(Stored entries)
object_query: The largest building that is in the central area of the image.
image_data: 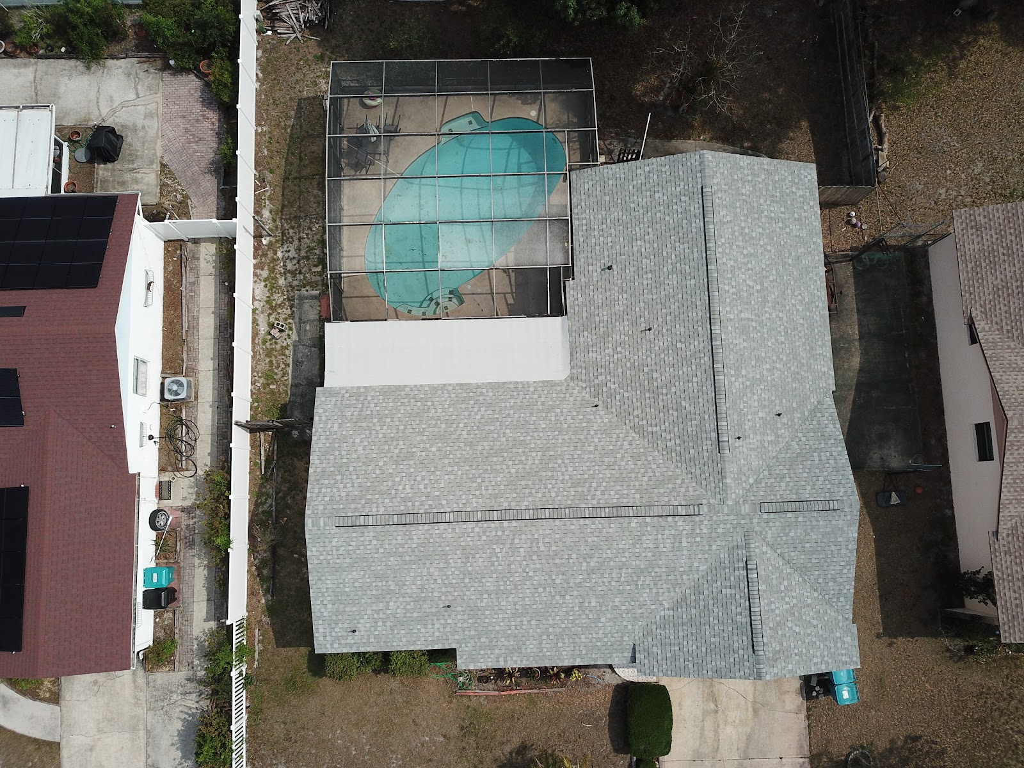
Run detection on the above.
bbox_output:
[305,151,861,680]
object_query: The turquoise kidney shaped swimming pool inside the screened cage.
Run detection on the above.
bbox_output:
[365,111,566,316]
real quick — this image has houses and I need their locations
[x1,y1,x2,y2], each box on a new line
[927,201,1024,643]
[0,191,164,681]
[305,151,861,680]
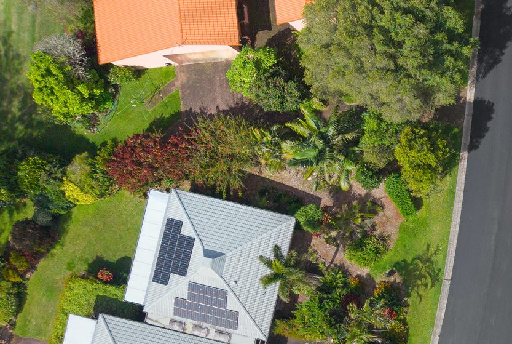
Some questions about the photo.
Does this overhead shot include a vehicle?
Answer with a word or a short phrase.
No
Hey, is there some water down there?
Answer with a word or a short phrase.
No
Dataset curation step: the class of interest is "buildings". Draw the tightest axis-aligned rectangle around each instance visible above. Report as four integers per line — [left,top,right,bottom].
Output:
[277,0,333,32]
[97,0,242,68]
[125,188,299,344]
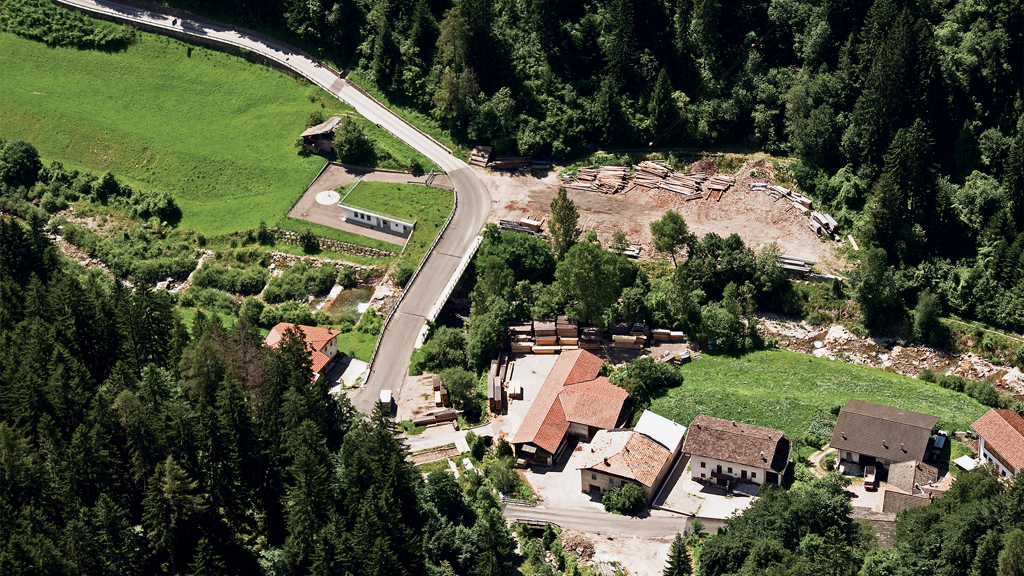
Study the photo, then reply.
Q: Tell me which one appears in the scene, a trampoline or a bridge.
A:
bridge
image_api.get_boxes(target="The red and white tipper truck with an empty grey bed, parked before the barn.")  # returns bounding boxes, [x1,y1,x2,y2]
[862,466,878,490]
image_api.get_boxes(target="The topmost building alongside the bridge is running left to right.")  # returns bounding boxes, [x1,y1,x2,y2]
[339,178,435,233]
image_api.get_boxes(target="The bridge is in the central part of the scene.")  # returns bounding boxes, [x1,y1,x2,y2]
[402,235,483,349]
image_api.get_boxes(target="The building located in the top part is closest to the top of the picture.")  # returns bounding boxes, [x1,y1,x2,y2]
[300,117,343,160]
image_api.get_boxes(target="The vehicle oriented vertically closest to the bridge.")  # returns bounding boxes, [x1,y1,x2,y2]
[380,386,393,415]
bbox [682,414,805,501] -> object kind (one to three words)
house
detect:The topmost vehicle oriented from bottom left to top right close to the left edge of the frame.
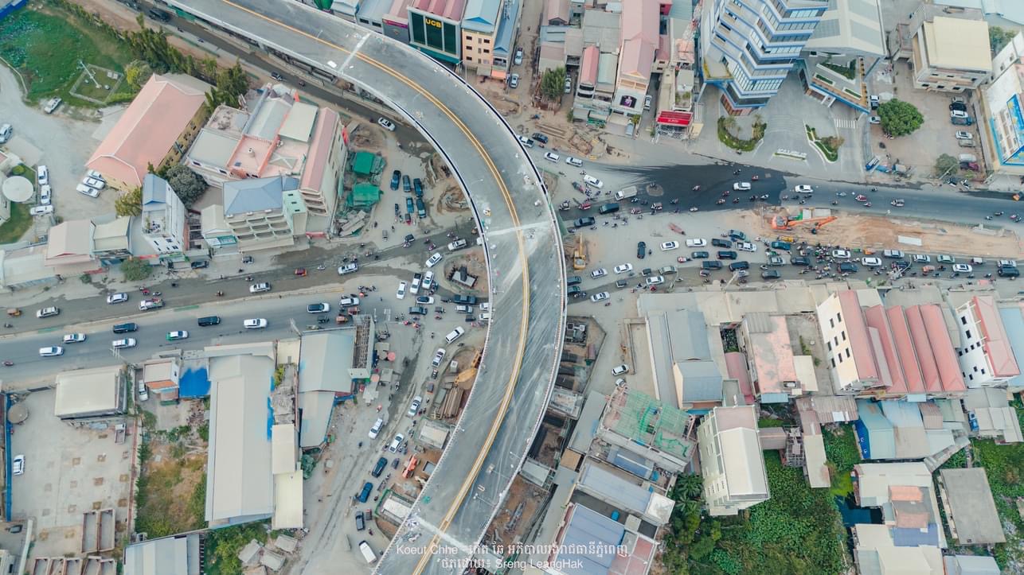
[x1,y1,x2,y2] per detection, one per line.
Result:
[43,97,64,114]
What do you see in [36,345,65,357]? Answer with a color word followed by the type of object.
white vehicle
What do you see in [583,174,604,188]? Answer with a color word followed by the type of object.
white car
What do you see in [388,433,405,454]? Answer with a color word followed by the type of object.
white car
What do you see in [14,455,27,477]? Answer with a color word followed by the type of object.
white vehicle
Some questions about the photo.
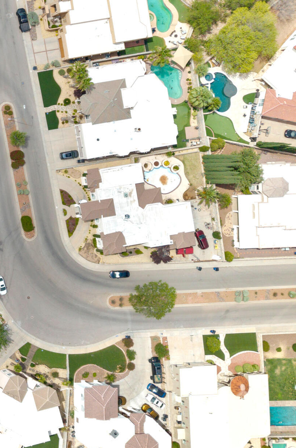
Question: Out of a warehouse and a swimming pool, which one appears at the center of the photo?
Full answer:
The feature located at the center of the photo is a swimming pool.
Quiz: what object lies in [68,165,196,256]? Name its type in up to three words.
house
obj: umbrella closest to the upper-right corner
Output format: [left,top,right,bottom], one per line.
[223,83,236,96]
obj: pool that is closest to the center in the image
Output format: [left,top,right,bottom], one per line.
[143,166,183,195]
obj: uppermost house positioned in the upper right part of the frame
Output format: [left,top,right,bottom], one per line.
[249,27,296,123]
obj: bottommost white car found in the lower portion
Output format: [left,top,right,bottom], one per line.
[145,393,165,410]
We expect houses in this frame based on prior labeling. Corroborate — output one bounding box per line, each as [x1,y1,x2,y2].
[68,165,196,256]
[249,27,296,123]
[65,377,171,448]
[0,366,64,448]
[68,59,178,159]
[51,0,153,62]
[163,358,270,448]
[225,160,296,249]
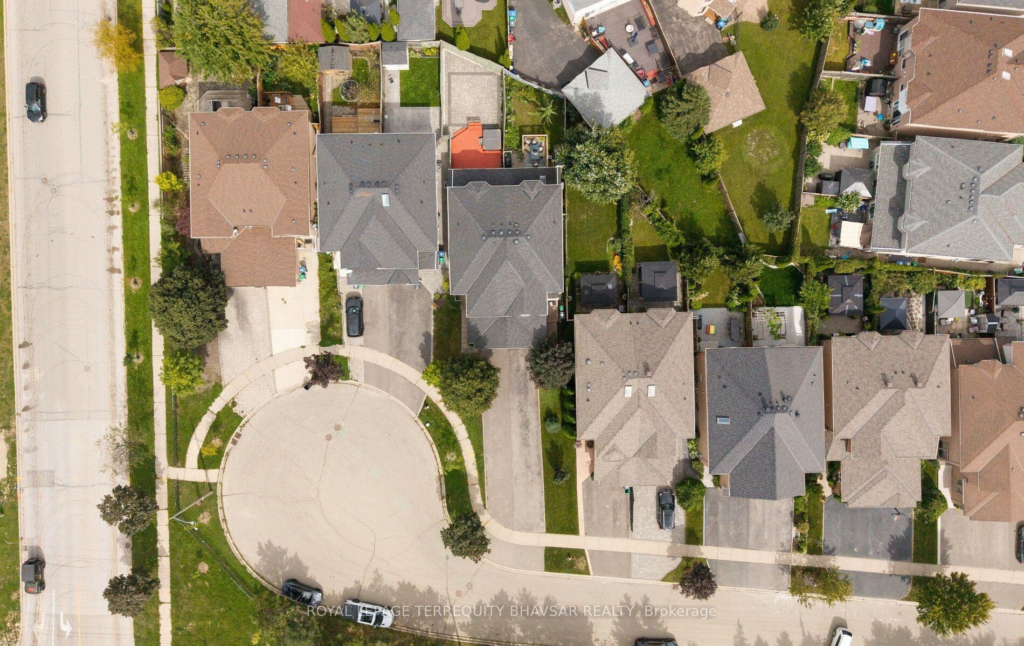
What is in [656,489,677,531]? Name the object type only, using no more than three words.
car
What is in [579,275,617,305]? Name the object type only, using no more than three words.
gazebo
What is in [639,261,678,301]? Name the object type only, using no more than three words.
gazebo
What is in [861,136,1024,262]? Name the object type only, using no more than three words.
house
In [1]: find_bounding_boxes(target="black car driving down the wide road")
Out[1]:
[24,82,50,124]
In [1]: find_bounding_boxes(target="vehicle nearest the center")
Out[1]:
[344,296,364,337]
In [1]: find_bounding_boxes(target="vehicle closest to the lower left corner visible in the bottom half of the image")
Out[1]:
[21,557,49,596]
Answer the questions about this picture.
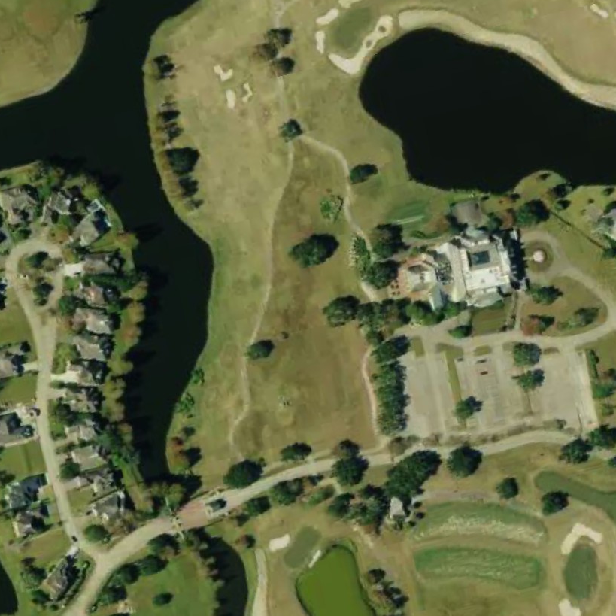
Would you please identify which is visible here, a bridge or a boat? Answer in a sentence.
Looking from above, you can make out a bridge.
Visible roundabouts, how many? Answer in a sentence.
I count 2 roundabouts.
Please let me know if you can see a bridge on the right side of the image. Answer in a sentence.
No, I can find no bridge on the right side of the image.
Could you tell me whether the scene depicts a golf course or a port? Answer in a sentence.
This looks like a golf course.
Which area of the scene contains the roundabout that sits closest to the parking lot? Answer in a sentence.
The roundabout that sits closest to the parking lot is in the right part of the image.
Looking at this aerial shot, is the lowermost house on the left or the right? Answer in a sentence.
You can find the lowermost house on the left side of the picture.
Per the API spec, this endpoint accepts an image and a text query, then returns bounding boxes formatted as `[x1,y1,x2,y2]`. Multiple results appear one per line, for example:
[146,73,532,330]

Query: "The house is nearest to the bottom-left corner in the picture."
[38,558,81,602]
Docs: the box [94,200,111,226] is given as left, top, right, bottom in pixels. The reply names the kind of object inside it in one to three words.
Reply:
swimming pool

Task prompt =
Without including any pictures, copy every line above exactly.

Output for this exercise =
object_query: The largest building that is in the central area of the image.
image_data: 
Run detection on the above.
bbox_output:
[305,151,861,680]
object_query: The turquoise kidney shaped swimming pool inside the screened cage.
Run detection on the above.
bbox_output:
[365,111,566,316]
real quick — this image has houses and I need their locations
[x1,y1,x2,y2], each box on a new line
[927,201,1024,643]
[0,191,164,681]
[305,151,861,680]
Some questions about the photo.
Does this overhead shot include a vehicle?
Answer with a word or a short phrase.
No
Hey, is there some water down there?
Answer with a word or a short phrase.
No
Dataset curation step: the class of interest is "buildings". Draw the tightest axis-aligned rectangle around each instance visible above. Report as four integers per line — [left,top,right,bottom].
Output:
[277,0,333,32]
[97,0,242,68]
[125,188,299,344]
Study the photo, then reply.
Q: Tell me which one appears in the scene, a trampoline or a bridge.
A:
bridge
image_api.get_boxes(target="The red and white tipper truck with an empty grey bed, parked before the barn.")  # returns bounding boxes, [x1,y1,x2,y2]
[862,466,878,490]
image_api.get_boxes(target="The topmost building alongside the bridge is running left to right.")  # returns bounding boxes, [x1,y1,x2,y2]
[339,178,435,233]
image_api.get_boxes(target="The bridge is in the central part of the scene.")  # returns bounding boxes, [x1,y1,x2,y2]
[402,235,483,349]
image_api.get_boxes(target="The building located in the top part is closest to the top of the picture.")  # returns bounding boxes, [x1,y1,x2,y2]
[300,117,343,160]
image_api.get_boxes(target="The vehicle oriented vertically closest to the bridge.")  # returns bounding boxes, [x1,y1,x2,y2]
[380,386,393,415]
bbox [682,414,805,501] -> object kind (one to three words)
house
detect:The topmost vehicle oriented from bottom left to top right close to the left edge of the frame.
[x1,y1,x2,y2] per detection, one per line.
Result:
[43,97,64,114]
What do you see in [36,345,65,357]? Answer with a color word followed by the type of object.
white vehicle
What do you see in [583,174,604,188]? Answer with a color word followed by the type of object.
white car
What do you see in [388,433,405,454]? Answer with a color word followed by the type of object.
white car
What do you see in [14,455,27,477]? Answer with a color word followed by the type of object.
white vehicle
Some questions about the photo.
Question: Out of a warehouse and a swimming pool, which one appears at the center of the photo?
Full answer:
The feature located at the center of the photo is a swimming pool.
Quiz: what object lies in [68,165,196,256]? Name its type in up to three words.
house
obj: umbrella closest to the upper-right corner
Output format: [left,top,right,bottom], one per line.
[223,83,236,96]
obj: pool that is closest to the center in the image
Output format: [left,top,right,bottom], one per line.
[143,166,183,195]
obj: uppermost house positioned in the upper right part of the frame
Output format: [left,top,right,bottom], one per line.
[249,27,296,123]
obj: bottommost white car found in the lower portion
Output format: [left,top,right,bottom], one per line.
[145,393,165,410]
We expect houses in this frame based on prior labeling. Corroborate — output one bounding box per line, each as [x1,y1,x2,y2].
[68,165,196,256]
[249,27,296,123]
[65,377,171,448]
[0,366,64,448]
[68,59,178,159]
[51,0,153,62]
[163,358,270,448]
[225,160,296,249]
What is in [656,489,677,531]? Name the object type only, using no more than three words.
car
What is in [579,275,617,305]? Name the object type only, using no more than three words.
gazebo
What is in [639,261,678,301]? Name the object type only, using no more than three words.
gazebo
What is in [861,136,1024,262]? Name the object type only, using no more than three words.
house
In [1]: find_bounding_boxes(target="black car driving down the wide road")
Out[1]:
[24,82,50,124]
In [1]: find_bounding_boxes(target="vehicle nearest the center")
Out[1]:
[344,296,364,337]
In [1]: find_bounding_boxes(target="vehicle closest to the lower left corner visible in the bottom half of the image")
Out[1]:
[21,557,49,596]
Answer the questions about this picture.
Would you please identify which is visible here, a bridge or a boat? Answer in a sentence.
Looking from above, you can make out a bridge.
Visible roundabouts, how many? Answer in a sentence.
I count 2 roundabouts.
Please let me know if you can see a bridge on the right side of the image. Answer in a sentence.
No, I can find no bridge on the right side of the image.
Could you tell me whether the scene depicts a golf course or a port? Answer in a sentence.
This looks like a golf course.
Which area of the scene contains the roundabout that sits closest to the parking lot? Answer in a sentence.
The roundabout that sits closest to the parking lot is in the right part of the image.
Looking at this aerial shot, is the lowermost house on the left or the right? Answer in a sentence.
You can find the lowermost house on the left side of the picture.
Per the API spec, this endpoint accepts an image and a text query, then returns bounding boxes formatted as `[x1,y1,x2,y2]`. Multiple results appear one per line, for example:
[146,73,532,330]

Query: "The house is nearest to the bottom-left corner in the picture."
[38,558,81,602]
Docs: the box [94,200,111,226] is given as left, top, right, bottom in pixels. The reply names the kind of object inside it in one to three words.
Reply:
swimming pool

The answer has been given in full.